[Action item]: Among the lines below, a stretch begins at the one with "Operating Temperature Range</text>" and ends at the one with "high impedance. The</text>". Repeat that stretch exactly, ends included.

Supplied material below:

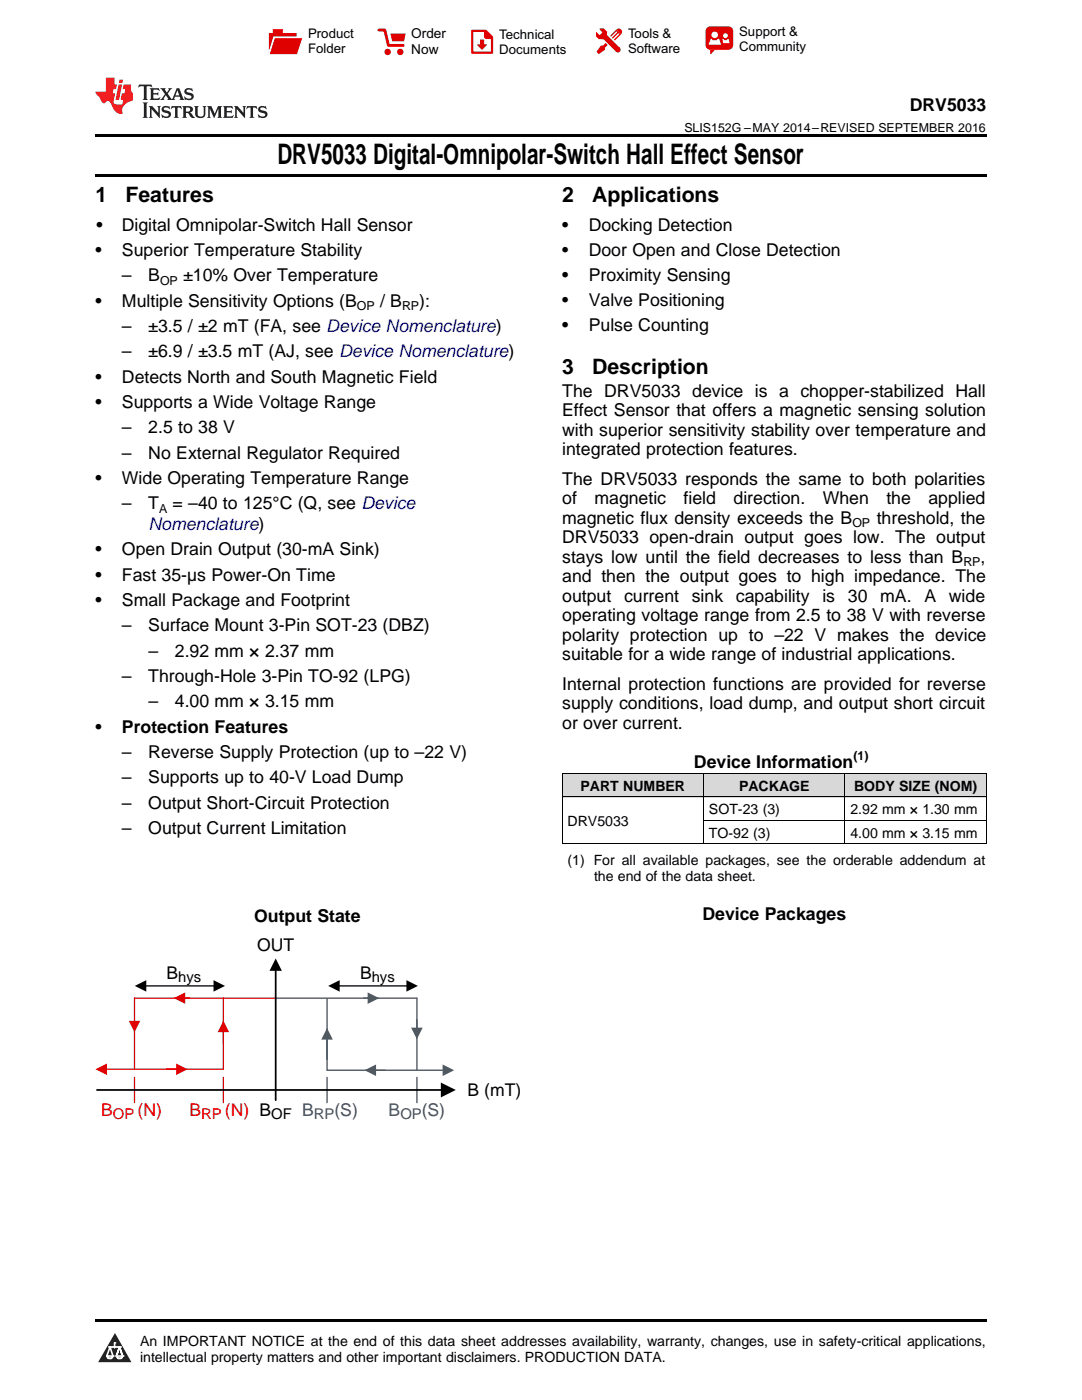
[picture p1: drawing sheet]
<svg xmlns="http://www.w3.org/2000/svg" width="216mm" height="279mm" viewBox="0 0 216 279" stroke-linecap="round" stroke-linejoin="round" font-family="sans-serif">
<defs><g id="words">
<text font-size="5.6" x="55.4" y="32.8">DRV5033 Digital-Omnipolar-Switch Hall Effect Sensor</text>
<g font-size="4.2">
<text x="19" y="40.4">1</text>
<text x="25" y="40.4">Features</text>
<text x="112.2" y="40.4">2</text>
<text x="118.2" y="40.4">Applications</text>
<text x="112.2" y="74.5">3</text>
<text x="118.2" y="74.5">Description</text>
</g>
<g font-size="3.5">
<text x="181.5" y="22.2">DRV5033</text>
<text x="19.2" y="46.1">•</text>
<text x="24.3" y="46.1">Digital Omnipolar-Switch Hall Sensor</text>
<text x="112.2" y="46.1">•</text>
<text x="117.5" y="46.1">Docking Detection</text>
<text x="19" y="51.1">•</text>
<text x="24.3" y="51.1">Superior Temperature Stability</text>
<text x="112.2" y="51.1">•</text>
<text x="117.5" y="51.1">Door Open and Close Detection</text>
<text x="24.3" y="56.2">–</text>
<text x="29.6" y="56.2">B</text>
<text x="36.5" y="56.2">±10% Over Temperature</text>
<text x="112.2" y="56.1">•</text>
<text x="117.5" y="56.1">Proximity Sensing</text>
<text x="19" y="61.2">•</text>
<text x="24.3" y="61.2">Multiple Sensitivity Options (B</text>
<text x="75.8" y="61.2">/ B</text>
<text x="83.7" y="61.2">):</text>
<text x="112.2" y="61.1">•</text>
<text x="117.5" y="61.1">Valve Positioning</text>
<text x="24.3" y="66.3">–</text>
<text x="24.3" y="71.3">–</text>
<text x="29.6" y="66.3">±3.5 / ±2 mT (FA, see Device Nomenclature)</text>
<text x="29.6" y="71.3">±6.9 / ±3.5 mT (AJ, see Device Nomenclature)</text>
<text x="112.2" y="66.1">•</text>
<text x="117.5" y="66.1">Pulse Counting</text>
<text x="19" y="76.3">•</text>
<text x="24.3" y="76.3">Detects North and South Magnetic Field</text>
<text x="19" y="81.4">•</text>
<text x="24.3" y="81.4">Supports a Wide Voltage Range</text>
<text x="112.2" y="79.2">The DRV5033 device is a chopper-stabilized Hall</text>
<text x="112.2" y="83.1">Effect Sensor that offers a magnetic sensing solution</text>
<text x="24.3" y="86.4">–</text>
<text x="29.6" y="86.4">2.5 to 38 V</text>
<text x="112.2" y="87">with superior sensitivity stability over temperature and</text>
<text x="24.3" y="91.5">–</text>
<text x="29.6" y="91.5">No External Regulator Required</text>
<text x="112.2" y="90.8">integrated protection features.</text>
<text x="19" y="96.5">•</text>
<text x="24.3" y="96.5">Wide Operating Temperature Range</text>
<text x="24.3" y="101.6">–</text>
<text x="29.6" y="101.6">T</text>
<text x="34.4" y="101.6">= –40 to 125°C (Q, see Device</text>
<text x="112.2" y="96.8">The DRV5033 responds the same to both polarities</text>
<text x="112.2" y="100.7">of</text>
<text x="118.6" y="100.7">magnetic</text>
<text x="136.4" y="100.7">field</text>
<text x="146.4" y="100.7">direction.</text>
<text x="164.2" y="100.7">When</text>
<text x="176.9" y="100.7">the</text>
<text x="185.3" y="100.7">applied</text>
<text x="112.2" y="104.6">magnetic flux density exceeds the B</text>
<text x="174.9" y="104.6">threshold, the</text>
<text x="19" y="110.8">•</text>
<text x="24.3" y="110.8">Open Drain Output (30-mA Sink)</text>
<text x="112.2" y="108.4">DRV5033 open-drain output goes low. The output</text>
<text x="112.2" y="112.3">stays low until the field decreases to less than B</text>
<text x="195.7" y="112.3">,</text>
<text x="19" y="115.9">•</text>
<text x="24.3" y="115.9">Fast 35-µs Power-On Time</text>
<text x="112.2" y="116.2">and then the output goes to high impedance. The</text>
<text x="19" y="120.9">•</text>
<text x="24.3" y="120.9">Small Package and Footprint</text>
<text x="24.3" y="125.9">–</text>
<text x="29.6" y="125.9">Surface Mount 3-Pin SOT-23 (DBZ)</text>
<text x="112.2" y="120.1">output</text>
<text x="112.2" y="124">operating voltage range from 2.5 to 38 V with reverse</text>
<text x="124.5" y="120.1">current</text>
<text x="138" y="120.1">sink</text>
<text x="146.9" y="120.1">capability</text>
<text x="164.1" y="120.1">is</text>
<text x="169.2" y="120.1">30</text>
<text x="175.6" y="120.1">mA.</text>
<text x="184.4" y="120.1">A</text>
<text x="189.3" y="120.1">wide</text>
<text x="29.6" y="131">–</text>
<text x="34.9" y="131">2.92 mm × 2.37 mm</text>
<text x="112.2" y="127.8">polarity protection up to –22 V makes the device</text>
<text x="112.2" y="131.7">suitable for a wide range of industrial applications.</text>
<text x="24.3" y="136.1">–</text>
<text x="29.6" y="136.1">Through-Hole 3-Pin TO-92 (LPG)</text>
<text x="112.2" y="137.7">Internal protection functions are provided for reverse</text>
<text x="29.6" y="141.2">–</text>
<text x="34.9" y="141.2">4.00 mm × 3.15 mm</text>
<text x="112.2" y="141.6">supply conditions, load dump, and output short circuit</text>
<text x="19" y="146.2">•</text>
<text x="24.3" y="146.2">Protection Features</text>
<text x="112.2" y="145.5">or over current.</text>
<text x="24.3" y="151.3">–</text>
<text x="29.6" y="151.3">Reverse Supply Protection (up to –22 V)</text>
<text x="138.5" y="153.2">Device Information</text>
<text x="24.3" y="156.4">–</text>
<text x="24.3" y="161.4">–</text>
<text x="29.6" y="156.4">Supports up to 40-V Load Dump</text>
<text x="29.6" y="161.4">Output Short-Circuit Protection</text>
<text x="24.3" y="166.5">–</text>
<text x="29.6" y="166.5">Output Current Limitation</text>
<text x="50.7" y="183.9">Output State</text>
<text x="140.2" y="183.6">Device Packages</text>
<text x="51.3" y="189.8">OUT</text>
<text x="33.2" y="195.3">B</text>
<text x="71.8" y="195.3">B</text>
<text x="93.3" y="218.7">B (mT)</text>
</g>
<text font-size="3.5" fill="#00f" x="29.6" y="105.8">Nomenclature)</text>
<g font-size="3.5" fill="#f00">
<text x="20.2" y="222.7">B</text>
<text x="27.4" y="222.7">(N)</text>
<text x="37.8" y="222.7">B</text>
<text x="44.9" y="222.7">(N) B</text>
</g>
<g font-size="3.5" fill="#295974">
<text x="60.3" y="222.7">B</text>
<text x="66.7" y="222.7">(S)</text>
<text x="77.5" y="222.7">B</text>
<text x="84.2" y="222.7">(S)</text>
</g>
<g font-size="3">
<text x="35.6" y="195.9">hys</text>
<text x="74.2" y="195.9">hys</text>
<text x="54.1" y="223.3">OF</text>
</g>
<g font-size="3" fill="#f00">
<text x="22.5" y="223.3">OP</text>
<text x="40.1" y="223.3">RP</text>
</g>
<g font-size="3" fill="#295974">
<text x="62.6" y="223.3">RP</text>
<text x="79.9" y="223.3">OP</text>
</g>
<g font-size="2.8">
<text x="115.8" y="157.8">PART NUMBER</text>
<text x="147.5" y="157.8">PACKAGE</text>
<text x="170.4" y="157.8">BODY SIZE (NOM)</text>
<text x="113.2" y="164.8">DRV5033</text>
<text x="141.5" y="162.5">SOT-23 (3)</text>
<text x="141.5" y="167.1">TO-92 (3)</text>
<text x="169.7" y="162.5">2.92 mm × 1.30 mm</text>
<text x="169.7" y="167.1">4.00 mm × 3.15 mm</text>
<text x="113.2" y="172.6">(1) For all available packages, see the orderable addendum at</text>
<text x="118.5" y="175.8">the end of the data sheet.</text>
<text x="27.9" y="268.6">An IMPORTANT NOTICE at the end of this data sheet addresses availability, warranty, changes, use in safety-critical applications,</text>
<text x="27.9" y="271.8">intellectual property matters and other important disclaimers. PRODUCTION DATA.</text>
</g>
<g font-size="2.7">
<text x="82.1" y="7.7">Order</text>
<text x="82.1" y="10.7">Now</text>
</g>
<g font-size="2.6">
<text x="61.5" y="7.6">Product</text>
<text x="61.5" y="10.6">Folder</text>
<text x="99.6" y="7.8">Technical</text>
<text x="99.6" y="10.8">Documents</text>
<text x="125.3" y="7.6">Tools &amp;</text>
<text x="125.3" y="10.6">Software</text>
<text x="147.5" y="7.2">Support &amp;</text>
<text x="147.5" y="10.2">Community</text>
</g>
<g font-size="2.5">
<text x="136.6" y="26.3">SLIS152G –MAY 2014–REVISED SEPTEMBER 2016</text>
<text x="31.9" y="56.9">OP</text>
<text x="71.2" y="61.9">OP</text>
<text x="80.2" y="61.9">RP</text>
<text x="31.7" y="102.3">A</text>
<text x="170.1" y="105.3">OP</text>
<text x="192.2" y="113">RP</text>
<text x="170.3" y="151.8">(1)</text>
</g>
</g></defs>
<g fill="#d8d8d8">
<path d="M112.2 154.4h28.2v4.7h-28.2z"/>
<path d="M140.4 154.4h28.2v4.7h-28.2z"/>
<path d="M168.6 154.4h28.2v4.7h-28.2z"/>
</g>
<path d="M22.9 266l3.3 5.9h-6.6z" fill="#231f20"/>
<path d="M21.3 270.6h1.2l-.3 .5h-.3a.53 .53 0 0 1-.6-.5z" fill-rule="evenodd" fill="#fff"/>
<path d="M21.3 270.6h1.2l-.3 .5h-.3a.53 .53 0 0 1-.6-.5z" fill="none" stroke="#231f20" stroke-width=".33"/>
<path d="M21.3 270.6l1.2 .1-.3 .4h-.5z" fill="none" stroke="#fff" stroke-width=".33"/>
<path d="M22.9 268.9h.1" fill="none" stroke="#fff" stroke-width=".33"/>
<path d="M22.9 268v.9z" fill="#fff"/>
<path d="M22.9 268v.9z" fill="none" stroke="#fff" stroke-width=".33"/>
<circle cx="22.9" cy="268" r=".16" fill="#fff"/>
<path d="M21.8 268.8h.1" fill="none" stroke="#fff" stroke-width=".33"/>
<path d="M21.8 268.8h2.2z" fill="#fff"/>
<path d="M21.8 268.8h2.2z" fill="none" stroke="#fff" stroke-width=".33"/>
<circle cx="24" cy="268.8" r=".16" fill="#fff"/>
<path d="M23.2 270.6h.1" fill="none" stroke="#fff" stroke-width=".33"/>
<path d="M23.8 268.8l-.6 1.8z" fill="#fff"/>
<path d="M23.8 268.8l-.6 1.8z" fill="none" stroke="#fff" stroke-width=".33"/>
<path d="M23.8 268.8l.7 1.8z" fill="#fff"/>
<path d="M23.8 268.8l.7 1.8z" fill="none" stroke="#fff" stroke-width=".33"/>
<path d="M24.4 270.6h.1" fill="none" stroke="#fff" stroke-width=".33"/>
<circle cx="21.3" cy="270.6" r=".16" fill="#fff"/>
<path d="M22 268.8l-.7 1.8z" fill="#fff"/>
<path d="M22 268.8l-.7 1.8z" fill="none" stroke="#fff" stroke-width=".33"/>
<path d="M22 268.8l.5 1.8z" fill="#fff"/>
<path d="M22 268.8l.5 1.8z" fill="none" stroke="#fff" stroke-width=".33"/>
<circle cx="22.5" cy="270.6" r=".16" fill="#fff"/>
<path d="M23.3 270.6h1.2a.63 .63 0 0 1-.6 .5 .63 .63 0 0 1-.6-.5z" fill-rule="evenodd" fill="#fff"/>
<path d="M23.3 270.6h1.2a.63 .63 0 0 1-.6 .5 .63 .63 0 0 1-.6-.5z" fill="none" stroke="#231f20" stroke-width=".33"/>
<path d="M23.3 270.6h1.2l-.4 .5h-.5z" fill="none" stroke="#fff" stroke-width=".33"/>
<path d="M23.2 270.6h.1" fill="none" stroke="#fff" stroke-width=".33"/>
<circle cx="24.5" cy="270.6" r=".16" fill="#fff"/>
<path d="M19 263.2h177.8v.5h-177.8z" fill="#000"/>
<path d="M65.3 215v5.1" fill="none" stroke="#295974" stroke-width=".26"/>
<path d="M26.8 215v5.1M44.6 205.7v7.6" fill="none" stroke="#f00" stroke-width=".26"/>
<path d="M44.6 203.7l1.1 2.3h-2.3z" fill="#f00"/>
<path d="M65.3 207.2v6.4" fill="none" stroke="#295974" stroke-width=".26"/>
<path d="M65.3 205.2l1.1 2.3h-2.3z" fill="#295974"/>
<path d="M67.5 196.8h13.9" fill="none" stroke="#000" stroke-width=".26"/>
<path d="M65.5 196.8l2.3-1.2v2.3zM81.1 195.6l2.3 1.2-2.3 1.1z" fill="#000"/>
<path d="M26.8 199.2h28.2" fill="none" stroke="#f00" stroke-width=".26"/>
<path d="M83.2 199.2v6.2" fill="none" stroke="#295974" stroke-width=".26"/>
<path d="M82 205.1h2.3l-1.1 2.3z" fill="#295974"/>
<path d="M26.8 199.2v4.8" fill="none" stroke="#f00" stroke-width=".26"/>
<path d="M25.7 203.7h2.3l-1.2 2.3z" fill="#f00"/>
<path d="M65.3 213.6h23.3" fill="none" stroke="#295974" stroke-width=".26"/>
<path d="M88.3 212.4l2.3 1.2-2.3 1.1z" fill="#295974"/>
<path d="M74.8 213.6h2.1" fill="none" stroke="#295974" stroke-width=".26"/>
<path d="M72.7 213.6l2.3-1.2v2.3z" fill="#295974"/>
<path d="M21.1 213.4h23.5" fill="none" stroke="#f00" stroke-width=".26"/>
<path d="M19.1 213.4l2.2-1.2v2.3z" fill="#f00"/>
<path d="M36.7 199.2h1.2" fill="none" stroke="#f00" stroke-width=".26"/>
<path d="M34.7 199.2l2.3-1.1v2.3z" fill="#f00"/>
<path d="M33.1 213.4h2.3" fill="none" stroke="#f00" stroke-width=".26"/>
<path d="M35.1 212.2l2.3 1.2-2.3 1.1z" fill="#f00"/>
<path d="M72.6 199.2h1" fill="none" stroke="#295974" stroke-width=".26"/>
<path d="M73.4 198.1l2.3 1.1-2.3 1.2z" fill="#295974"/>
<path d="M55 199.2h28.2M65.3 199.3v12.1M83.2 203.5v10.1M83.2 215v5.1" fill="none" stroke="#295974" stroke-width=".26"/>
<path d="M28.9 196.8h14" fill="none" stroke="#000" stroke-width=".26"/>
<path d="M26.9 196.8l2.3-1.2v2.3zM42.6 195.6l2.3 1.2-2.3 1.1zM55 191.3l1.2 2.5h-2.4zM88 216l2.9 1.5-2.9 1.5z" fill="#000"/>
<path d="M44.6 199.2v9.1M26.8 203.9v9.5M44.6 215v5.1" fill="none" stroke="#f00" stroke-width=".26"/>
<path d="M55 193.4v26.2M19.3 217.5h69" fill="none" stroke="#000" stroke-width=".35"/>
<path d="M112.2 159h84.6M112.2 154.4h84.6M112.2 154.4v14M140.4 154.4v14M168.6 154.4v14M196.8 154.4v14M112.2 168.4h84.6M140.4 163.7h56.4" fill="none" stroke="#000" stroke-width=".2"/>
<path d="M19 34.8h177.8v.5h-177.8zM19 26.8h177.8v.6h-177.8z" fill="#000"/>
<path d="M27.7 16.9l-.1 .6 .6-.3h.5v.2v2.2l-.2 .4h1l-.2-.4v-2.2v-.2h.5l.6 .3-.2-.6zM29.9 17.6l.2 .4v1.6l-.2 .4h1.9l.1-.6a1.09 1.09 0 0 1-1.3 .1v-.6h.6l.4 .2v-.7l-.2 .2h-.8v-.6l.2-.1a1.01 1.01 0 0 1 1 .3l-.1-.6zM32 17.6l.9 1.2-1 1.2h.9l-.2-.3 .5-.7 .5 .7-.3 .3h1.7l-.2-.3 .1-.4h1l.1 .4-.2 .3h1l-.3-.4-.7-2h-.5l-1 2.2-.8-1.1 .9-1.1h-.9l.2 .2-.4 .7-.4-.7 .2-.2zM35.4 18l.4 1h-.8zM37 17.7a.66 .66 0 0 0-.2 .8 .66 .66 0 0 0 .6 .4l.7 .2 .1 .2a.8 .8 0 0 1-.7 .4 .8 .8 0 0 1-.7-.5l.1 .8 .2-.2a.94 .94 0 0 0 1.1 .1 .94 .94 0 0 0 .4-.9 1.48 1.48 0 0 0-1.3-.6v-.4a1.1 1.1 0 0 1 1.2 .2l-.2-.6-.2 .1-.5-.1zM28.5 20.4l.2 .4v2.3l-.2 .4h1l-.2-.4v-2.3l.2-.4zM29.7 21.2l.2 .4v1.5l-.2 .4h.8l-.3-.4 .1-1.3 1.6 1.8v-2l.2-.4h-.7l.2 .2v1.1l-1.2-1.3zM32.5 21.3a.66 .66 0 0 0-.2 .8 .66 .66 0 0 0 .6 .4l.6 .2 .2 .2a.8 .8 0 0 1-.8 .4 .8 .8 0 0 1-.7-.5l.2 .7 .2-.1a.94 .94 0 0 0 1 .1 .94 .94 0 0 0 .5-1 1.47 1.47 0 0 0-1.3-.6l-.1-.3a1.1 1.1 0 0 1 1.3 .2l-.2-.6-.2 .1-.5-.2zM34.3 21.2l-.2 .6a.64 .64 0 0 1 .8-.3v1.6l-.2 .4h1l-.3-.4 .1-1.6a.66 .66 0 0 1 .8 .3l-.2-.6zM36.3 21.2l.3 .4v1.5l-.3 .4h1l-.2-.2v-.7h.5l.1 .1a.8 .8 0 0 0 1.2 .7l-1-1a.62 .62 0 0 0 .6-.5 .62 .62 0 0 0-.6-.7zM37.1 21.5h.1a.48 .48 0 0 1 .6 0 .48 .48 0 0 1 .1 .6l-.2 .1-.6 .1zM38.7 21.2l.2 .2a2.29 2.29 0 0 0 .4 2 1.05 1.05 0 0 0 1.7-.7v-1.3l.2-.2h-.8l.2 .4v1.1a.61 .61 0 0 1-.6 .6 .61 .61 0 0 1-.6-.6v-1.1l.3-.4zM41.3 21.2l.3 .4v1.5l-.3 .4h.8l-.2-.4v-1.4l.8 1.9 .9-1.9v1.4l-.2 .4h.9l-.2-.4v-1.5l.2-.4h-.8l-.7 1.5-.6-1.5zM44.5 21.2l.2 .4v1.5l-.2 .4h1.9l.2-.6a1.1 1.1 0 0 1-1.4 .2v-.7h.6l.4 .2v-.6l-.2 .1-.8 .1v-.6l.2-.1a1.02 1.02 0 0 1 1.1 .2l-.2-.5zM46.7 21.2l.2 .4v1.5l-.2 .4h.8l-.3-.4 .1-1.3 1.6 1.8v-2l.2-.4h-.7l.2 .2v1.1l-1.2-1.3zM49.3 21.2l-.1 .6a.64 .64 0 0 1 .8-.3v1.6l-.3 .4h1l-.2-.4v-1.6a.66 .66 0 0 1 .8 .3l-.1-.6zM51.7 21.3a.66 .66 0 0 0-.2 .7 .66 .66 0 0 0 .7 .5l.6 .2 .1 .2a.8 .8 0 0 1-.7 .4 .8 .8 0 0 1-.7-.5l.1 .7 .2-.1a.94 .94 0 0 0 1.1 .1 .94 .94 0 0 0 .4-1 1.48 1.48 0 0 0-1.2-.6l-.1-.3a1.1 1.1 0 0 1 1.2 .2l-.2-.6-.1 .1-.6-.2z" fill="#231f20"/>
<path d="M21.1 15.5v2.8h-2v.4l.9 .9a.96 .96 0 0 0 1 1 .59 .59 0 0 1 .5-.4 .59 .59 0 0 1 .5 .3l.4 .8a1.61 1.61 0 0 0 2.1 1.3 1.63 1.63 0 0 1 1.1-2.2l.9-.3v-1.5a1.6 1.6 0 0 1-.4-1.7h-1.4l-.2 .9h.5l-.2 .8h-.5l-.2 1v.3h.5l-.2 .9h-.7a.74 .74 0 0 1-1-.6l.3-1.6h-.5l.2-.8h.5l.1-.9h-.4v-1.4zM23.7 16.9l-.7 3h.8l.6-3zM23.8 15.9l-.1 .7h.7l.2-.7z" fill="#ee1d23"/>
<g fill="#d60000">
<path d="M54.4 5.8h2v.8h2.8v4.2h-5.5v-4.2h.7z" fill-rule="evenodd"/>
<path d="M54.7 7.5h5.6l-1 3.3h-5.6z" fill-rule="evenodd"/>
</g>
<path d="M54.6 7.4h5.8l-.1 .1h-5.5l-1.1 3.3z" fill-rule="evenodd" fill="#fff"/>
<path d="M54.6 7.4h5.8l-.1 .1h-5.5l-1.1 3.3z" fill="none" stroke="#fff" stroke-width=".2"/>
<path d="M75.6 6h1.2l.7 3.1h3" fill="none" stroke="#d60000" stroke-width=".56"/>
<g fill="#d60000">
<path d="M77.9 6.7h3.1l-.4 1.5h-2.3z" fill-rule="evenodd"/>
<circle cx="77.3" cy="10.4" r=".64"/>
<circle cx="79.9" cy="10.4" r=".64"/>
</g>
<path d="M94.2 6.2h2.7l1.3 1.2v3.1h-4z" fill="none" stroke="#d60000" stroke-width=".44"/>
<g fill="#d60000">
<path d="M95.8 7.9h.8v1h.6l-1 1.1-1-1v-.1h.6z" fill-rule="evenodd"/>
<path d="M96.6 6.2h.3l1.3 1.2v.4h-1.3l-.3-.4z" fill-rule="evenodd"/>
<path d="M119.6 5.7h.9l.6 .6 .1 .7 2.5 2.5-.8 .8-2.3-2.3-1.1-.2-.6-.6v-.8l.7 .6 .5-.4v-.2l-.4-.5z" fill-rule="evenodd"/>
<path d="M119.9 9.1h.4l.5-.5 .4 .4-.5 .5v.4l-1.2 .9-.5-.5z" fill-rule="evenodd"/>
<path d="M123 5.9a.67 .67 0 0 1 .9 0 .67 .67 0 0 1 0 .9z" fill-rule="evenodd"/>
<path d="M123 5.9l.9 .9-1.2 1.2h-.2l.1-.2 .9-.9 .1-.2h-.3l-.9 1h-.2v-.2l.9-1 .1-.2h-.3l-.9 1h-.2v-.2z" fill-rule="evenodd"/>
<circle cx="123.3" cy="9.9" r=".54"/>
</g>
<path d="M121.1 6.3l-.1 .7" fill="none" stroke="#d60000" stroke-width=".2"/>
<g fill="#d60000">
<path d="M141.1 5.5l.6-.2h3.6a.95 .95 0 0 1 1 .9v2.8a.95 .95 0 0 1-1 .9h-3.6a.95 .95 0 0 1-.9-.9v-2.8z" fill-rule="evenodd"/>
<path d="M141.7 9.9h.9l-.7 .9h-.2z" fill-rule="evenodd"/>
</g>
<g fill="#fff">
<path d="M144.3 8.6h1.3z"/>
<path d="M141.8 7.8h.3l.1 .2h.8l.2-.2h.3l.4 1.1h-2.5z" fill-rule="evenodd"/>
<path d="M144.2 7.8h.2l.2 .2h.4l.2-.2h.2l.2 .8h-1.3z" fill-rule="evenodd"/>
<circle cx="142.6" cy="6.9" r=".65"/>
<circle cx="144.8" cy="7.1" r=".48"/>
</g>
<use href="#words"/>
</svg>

End of Supplied material.

[Output of the exercise]:
<text x="24.3" y="96.5">Wide Operating Temperature Range</text>
<text x="24.3" y="101.6">–</text>
<text x="29.6" y="101.6">T</text>
<text x="34.4" y="101.6">= –40 to 125°C (Q, see Device</text>
<text x="112.2" y="96.8">The DRV5033 responds the same to both polarities</text>
<text x="112.2" y="100.7">of</text>
<text x="118.6" y="100.7">magnetic</text>
<text x="136.4" y="100.7">field</text>
<text x="146.4" y="100.7">direction.</text>
<text x="164.2" y="100.7">When</text>
<text x="176.9" y="100.7">the</text>
<text x="185.3" y="100.7">applied</text>
<text x="112.2" y="104.6">magnetic flux density exceeds the B</text>
<text x="174.9" y="104.6">threshold, the</text>
<text x="19" y="110.8">•</text>
<text x="24.3" y="110.8">Open Drain Output (30-mA Sink)</text>
<text x="112.2" y="108.4">DRV5033 open-drain output goes low. The output</text>
<text x="112.2" y="112.3">stays low until the field decreases to less than B</text>
<text x="195.7" y="112.3">,</text>
<text x="19" y="115.9">•</text>
<text x="24.3" y="115.9">Fast 35-µs Power-On Time</text>
<text x="112.2" y="116.2">and then the output goes to high impedance. The</text>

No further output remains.